WHAT YOU HAVE TO DO -> Using the records that appear below, write out exactly the lines from the one with "colorNum = Math.max(tree[key]!!.count(), colorNum)" through the one with "tree[key]!![current] = col", keeping both end lines.

(Data extracted from a collection)
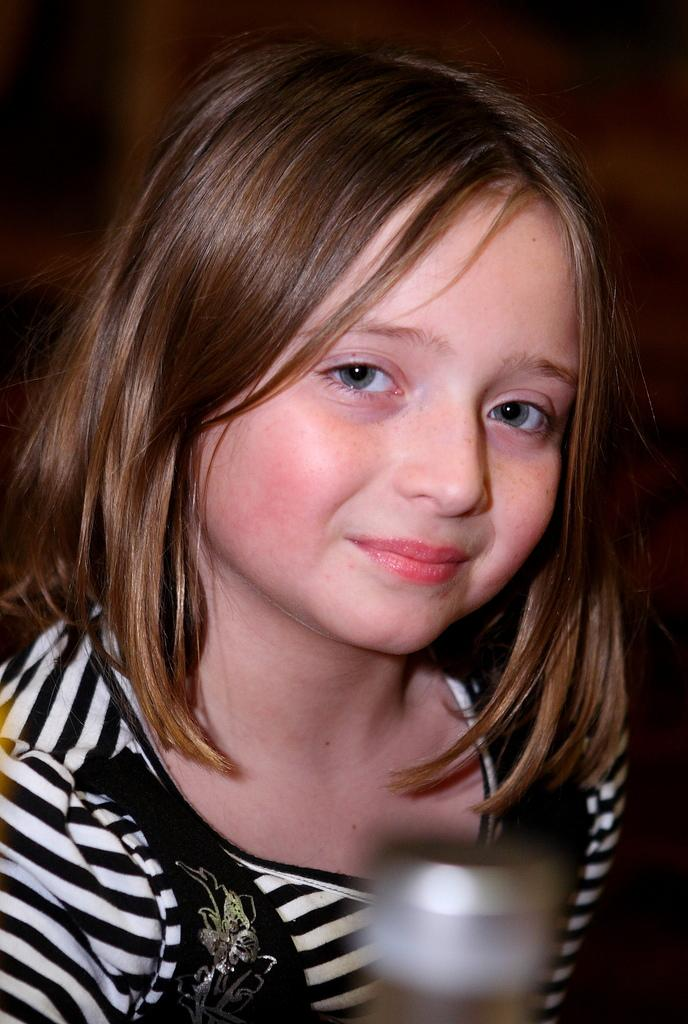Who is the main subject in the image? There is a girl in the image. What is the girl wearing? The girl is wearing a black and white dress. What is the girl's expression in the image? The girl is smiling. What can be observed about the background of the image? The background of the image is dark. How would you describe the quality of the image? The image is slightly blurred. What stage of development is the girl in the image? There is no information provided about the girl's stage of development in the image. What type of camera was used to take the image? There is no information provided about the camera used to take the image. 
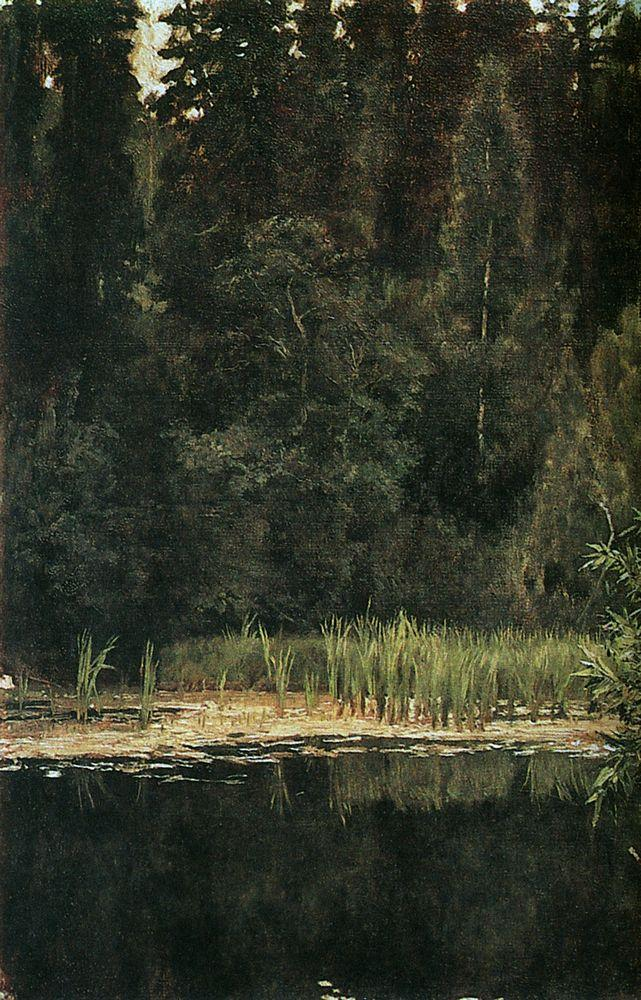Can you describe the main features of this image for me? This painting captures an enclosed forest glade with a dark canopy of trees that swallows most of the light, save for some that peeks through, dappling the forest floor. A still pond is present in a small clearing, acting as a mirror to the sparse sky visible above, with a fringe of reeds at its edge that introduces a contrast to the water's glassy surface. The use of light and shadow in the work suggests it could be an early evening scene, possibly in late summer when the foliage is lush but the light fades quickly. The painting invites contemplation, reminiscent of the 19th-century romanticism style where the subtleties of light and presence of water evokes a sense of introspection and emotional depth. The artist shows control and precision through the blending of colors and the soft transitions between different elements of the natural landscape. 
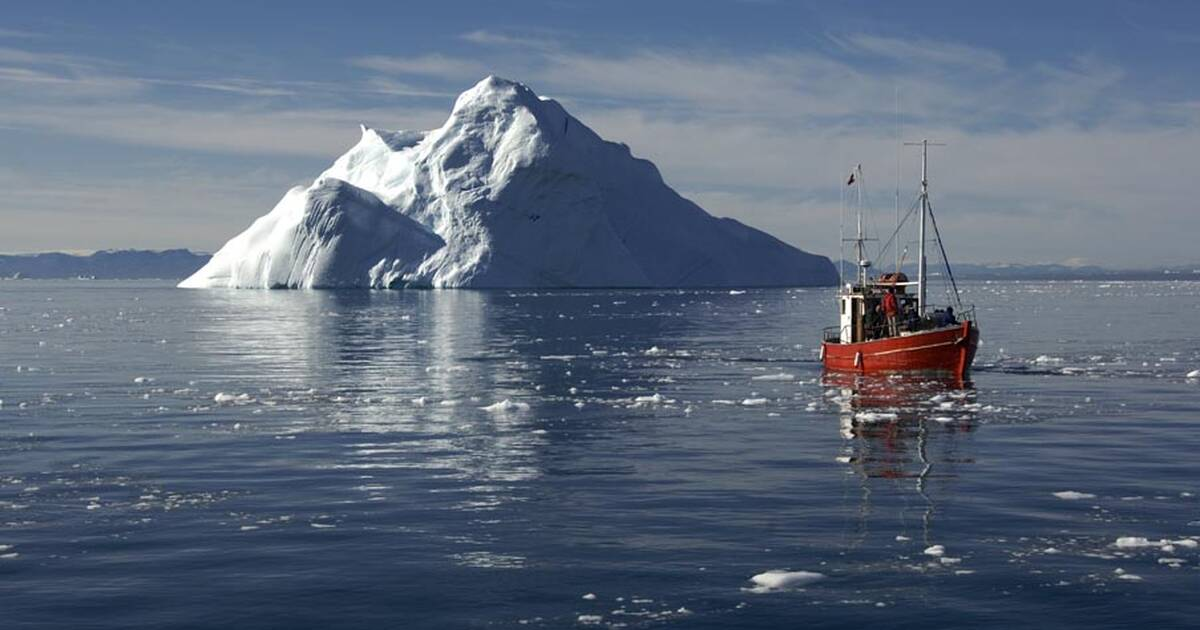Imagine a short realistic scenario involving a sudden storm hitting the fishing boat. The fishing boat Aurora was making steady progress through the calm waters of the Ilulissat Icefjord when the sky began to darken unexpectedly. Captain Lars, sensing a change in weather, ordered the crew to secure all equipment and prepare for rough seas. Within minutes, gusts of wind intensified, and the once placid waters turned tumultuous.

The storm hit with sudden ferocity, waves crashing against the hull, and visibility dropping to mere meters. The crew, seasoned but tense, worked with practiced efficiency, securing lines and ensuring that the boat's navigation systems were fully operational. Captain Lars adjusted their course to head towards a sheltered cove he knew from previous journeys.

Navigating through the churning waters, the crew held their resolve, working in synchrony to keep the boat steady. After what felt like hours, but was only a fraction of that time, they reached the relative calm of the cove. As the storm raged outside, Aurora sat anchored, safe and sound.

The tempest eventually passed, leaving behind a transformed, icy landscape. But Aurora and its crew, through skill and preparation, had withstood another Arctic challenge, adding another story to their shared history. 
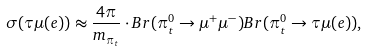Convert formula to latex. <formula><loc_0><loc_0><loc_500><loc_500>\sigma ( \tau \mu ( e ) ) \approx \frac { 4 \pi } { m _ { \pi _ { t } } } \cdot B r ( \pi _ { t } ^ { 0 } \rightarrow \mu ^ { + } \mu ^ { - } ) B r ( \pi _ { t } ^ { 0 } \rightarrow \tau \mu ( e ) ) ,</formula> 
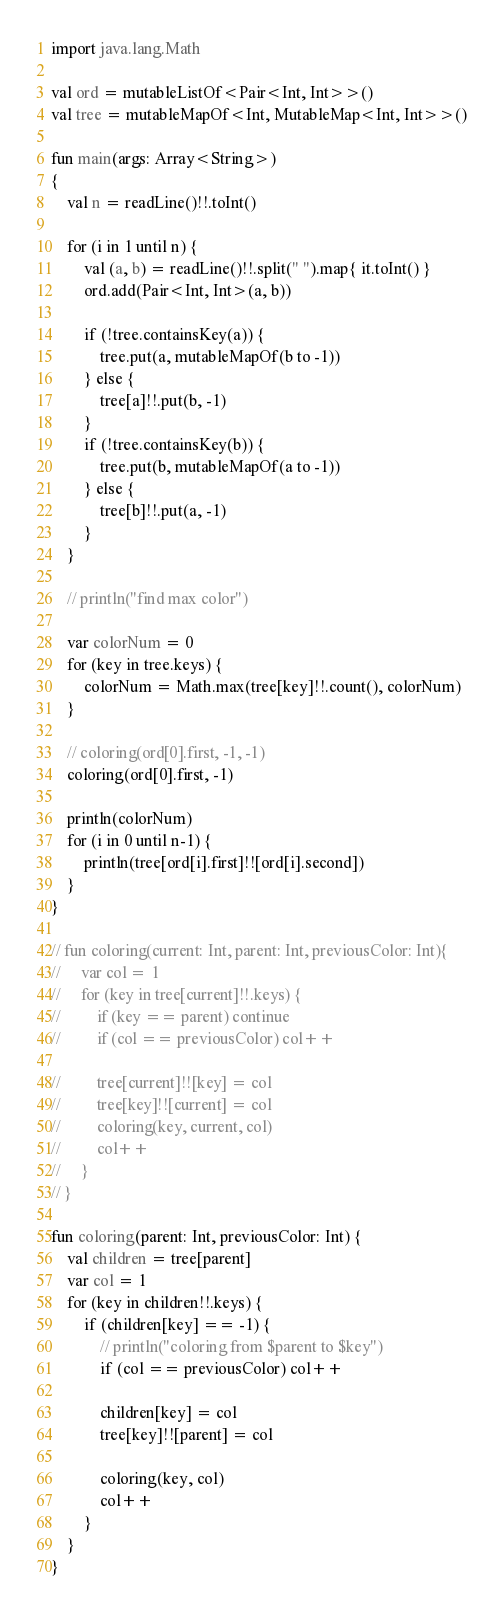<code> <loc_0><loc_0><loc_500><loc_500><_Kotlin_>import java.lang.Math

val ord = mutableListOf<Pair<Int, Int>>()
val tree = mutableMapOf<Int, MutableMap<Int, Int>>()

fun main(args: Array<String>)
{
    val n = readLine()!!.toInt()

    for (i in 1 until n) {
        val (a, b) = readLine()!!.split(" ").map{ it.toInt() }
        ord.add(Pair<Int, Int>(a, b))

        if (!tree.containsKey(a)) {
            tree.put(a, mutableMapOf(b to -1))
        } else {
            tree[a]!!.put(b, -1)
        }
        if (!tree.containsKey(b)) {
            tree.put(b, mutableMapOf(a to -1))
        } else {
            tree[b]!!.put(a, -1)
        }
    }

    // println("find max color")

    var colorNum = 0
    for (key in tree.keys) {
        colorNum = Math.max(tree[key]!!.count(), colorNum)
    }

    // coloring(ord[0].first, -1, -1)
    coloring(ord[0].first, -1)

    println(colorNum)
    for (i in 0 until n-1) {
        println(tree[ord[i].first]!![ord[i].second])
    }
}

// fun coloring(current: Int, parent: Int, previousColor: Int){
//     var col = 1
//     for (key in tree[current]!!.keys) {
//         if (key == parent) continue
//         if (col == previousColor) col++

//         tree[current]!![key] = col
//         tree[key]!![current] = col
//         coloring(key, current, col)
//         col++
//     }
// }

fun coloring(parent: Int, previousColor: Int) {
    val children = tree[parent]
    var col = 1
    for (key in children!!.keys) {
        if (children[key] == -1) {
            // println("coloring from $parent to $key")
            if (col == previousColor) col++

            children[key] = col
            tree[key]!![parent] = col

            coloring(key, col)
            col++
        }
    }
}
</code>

SOLUTION TO THE EXERCISE ->
        colorNum = Math.max(tree[key]!!.count(), colorNum)
    }

    // coloring(ord[0].first, -1, -1)
    coloring(ord[0].first, -1)

    println(colorNum)
    for (i in 0 until n-1) {
        println(tree[ord[i].first]!![ord[i].second])
    }
}

// fun coloring(current: Int, parent: Int, previousColor: Int){
//     var col = 1
//     for (key in tree[current]!!.keys) {
//         if (key == parent) continue
//         if (col == previousColor) col++

//         tree[current]!![key] = col
//         tree[key]!![current] = col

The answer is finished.